En effet, le mouvement antispéciste reste très éclectique et touche à peu près toutes les cases de l’échiquier politique. Certes, il existe des capitalistes, voire des libertariens, qui se battent pour un monde sans exploitation des animaux non-humains, mais en général ceux-ci continuent aussi à défendre l’exploitation des êtres humains dans les conditions les plus terribles.

Pour faciliter l’analyse suivis dans le livre, nous prendrons la définition du Spécisme de Peter Singer :

« Le spécisme est un préjugé ou une attitude de parti pris en faveur des intérêts des membres de sa propre espèce et à l’encontre des membres des autres espèces ». [1]
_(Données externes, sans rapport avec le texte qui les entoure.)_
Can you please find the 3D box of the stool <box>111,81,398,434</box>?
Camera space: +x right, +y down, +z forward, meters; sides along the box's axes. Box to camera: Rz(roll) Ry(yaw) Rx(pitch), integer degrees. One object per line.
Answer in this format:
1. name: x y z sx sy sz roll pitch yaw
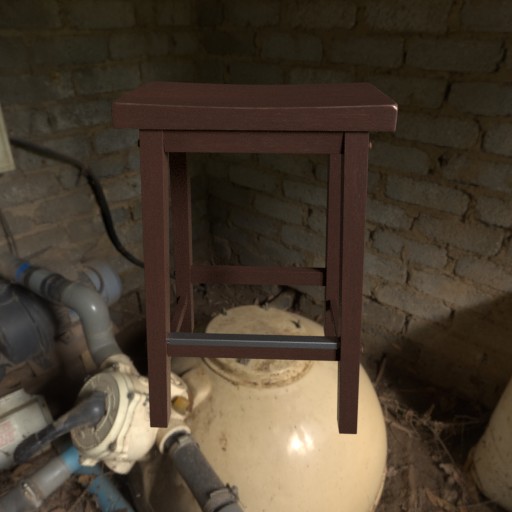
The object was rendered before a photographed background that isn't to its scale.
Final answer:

La question du départ réside dans l’analyse critique du capitalisme. Il ne s’agit point de refaire l’Histoire, mais d’enrichir la culture politique actuelle. Si le spécisme n’est pas né avec le capitalisme. Il est apparu au moment de la sédentarisation de l’être humain à l’époque du néolithique. Pour les tribus qui se sédentarisaient, la question du bétail et/ou de l’élevage permettait de garantir une ressource de « nourriture » sur la durée dans une époque où les chasseurs-cueilleurs laissèrent place aux éleveurs et aux paysans. Le capitalisme comme mode de production a remporté une bataille globale. De ce fait, il s’est imposé progressivement sur l’ensemble de la Terre sauf à de rares endroits. Cela peut se matérialiser dans un modèle étatique ou dans un modèle libéral au sens économique. Dans le même temps, nous vivons également pour la plupart dans des démocraties libérales et de façon minoritaire dans des régimes illibéraux. Ce modèle économique est régi par l’accumulation du capital [2] par une minorité, laquelle spolie la richesse (matérielle et immatérielle) créée par les travailleurs.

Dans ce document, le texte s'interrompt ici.